Lands Minister Silvio Schembri dismissed concerns over restaurants and cafes in Valletta encroaching on public land despite dozens of open enforcement cases, sanctioning, and planning permits.
Nationalist Party MP Darren Carabott asked Schembri in parliament whether there had been any legal breaches of permits issued by the authority for placing tables and chairs on public land.
Schembri directed Carabott to file a report with the Lands Authority enforcement section if he knew of any breaches.
The encroachment of public property by tables and chairs from catering establishments is well known and documented throughout Malta, particularly in touristic areas and the capital of Valletta.
The Shift analysed publicly available planning applications containing the term “chair” in Planning Authority data. It revealed that over the past ten years, more than 160 applications were submitted in Valletta, with 26 submitted in 2022 alone.
The term was chosen for its prevalence in encroachment applications, often included in requests to permit or sanction “the placing of outdoor tables and chairs.”
The analysis also found that numerous other establishments have pending enforcement cases while many more simply place their tables and chairs in public areas without the correct documentation or completely illegally.
Planning Authority servers list only four pending enforcement cases for the search term in the past ten years.
The practice is additionally permitted by Schembri’s Lands Authority, which issues a ‘tables and chairs permit’ following an encroachment concession submission.
The Lands concession requires only basic plans and photos to be submitted, with no system for their enforcement or demarcation.
The lack of publicly available information on such permits means an accurate number of establishments encumbering public land cannot be determined.
The Shift has reported how a separate government policy introduced during the COVID-19 pandemic allowing catering establishments to place tables and seating outside temporarily resulted in a mushrooming of the practice.
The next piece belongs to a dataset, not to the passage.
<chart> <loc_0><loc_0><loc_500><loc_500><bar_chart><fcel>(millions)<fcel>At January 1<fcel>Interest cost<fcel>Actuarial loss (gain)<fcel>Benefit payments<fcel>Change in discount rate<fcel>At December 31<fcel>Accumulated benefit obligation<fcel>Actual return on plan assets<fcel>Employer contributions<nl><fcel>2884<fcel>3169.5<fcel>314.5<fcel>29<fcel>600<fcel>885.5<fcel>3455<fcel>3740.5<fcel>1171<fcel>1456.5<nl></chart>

Despite the policy being retracted, the practice remains prevalent.
Public land encroachment is also prevalent in the Sliema, St. Julian’s and Paceville areas.
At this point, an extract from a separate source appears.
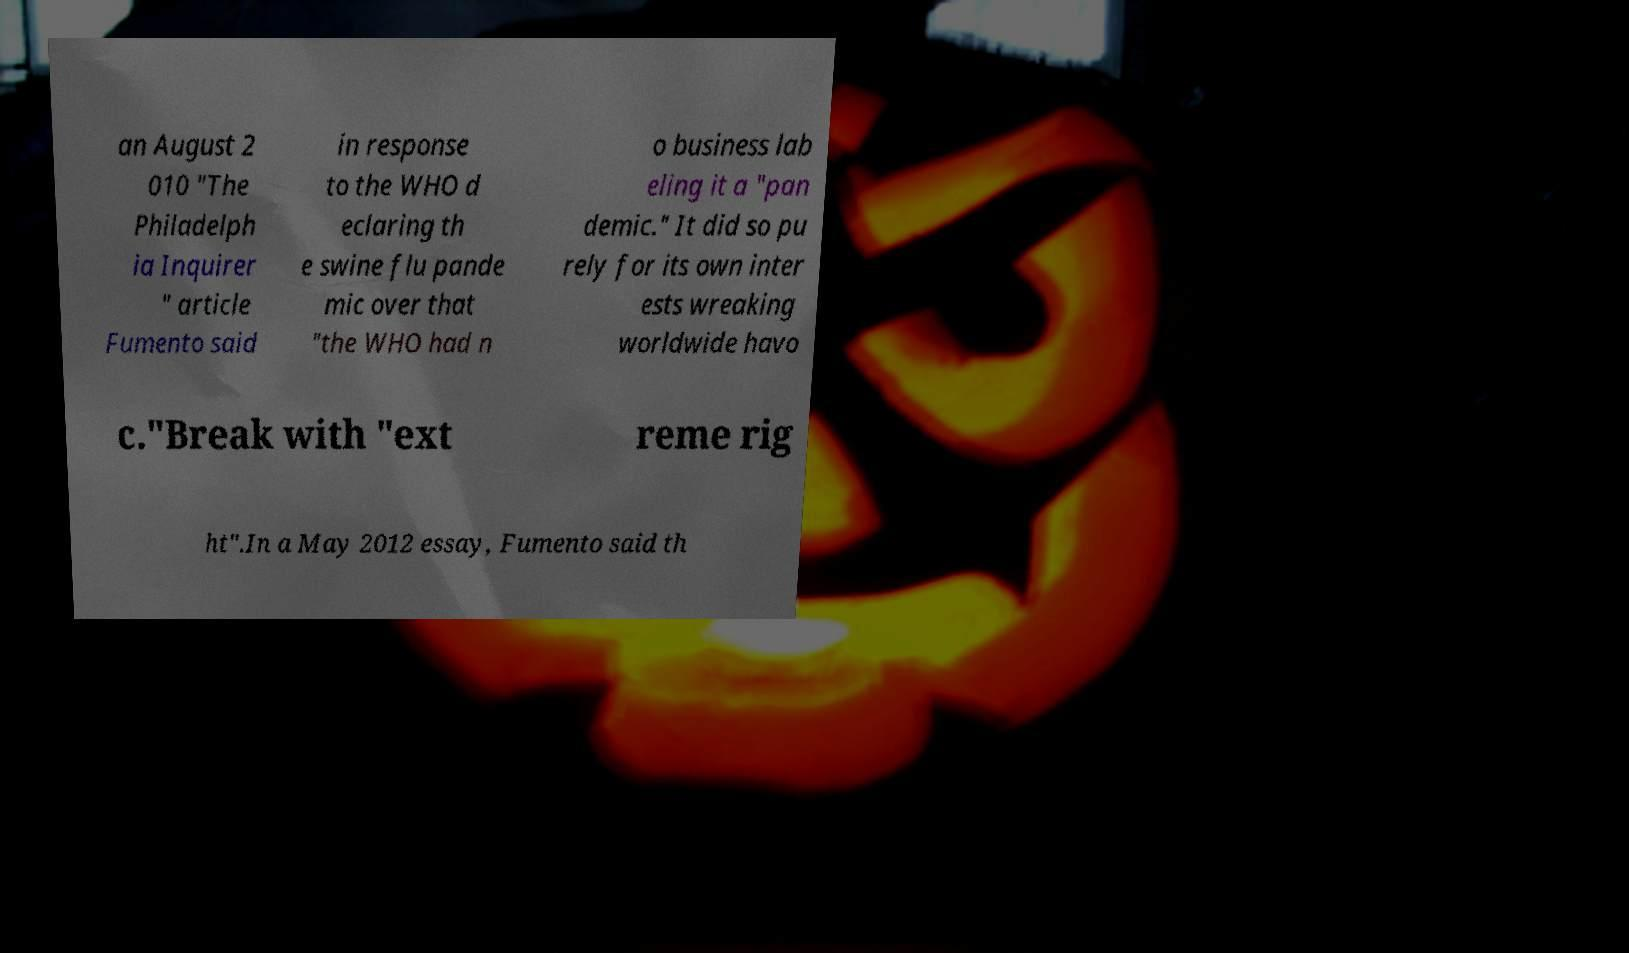Could you extract and type out the text from this image? an August 2 010 "The Philadelph ia Inquirer " article Fumento said in response to the WHO d eclaring th e swine flu pande mic over that "the WHO had n o business lab eling it a "pan demic." It did so pu rely for its own inter ests wreaking worldwide havo c."Break with "ext reme rig ht".In a May 2012 essay, Fumento said th

Responding to another parliamentary question last May, Schembri revealed how the Lands Authority had granted almost 60 encroachment concessions in the previous three years alone.
Additionally, dozens of enforcement cases remain active in localities.
The issue spurred the Ombudsman Commissioner for Environment and Planning, architect Alan A. Saliba, to issue a statement last March lamenting the lack of demarcation and enforcement from both the Planning Authority and Lands Authority.
Saliba had concluded that “the lack of cooperation, particularly from the Lands Authority, has made it difficult to find a way to enhance its administrative role, particularly on sensitive issues where commercial interests are prevalent.”